The Rio Grande de Mindanao has its source in the Central Mindanao Highlands near the northern coast of the island, specifically on the northeastern part of the province of Bukidnon, where it is known as the Pulangi River. It then flows southward across the Bukidnon Plateau, fed up by its tributaries along the way and then emerges onto the Cotabato plains, depositing fertile mountain silt as it widens and arcs westward through the Cotabato River Basin. It finally empties into Illana Bay at its mouth at Cotabato City.

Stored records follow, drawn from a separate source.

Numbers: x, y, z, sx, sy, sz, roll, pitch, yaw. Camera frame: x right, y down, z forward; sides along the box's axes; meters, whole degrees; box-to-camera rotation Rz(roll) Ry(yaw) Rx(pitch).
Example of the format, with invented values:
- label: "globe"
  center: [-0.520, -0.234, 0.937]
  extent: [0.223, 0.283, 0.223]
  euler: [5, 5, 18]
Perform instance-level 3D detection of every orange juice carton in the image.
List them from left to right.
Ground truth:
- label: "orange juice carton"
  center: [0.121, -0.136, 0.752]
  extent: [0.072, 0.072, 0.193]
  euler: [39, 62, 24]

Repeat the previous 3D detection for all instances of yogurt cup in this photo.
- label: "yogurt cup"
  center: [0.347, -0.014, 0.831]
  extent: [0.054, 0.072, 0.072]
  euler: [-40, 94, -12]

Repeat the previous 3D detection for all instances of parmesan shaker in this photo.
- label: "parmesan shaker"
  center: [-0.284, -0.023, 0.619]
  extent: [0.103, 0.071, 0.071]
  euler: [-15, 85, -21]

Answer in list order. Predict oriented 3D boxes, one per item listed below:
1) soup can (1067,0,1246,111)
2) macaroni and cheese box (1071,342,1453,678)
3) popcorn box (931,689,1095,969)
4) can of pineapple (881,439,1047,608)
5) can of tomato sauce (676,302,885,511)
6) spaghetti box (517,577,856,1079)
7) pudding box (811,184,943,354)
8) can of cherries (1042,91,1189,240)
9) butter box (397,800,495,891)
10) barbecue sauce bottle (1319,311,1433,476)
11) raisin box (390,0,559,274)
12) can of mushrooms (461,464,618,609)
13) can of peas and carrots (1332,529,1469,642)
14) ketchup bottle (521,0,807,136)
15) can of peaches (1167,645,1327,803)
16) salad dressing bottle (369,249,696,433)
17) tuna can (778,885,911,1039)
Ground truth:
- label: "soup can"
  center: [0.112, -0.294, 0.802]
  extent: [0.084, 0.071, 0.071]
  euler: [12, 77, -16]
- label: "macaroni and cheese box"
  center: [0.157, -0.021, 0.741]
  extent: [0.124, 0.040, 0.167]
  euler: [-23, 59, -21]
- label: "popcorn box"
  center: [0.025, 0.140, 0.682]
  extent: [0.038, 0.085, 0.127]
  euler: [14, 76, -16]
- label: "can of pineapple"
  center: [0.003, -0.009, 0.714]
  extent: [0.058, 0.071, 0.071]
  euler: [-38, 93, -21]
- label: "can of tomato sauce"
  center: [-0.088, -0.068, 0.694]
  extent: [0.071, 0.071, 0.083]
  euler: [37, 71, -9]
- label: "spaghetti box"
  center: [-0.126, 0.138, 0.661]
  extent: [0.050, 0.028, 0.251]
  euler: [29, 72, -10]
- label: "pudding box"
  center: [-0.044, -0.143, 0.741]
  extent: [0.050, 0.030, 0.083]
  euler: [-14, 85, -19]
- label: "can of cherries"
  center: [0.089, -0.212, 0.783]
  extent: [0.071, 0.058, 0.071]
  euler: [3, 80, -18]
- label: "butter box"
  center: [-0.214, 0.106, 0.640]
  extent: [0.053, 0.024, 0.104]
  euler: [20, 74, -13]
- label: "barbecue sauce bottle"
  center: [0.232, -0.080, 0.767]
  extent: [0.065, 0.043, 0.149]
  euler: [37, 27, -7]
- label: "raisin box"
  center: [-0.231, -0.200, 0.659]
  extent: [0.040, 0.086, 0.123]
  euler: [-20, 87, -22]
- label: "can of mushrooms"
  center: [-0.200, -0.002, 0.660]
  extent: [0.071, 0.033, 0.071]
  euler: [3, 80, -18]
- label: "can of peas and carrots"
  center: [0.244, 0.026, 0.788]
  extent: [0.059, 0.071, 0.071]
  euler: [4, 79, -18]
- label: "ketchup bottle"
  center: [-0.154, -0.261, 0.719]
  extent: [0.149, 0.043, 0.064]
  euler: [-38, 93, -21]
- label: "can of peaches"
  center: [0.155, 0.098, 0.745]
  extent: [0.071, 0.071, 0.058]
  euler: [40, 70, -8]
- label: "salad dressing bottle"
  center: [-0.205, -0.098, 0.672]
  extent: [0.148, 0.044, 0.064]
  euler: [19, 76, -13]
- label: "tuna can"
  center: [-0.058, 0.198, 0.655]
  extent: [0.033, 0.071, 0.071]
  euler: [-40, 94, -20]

As the Mindanao River meets Illana Bay, it branches out into two distributaries, the Cotabato in the north and the Tamontaka in the south at Cotabato City.

==Tributaries==

Rio Grande de Mindanao River List of tributaries by length.

- Pulangi River 374 km
- Kabulnan River 175 km
- Allah River 130 km
- Buluan River 109 km
- Simuay River 81 km
- Libungan River 80 km
- M'lang River 62 km

==Water hyacinths==

The river has recently been clogged with water hyacinths, causing it to overflow after days of heavy rain. Floodwaters submerged at least 37 villages in Cotabato City alone and displaced some 6,000 families.

President Benigno Aquino III ordered public works and military personnel to clear the river of up to 20 ha of water lily growth.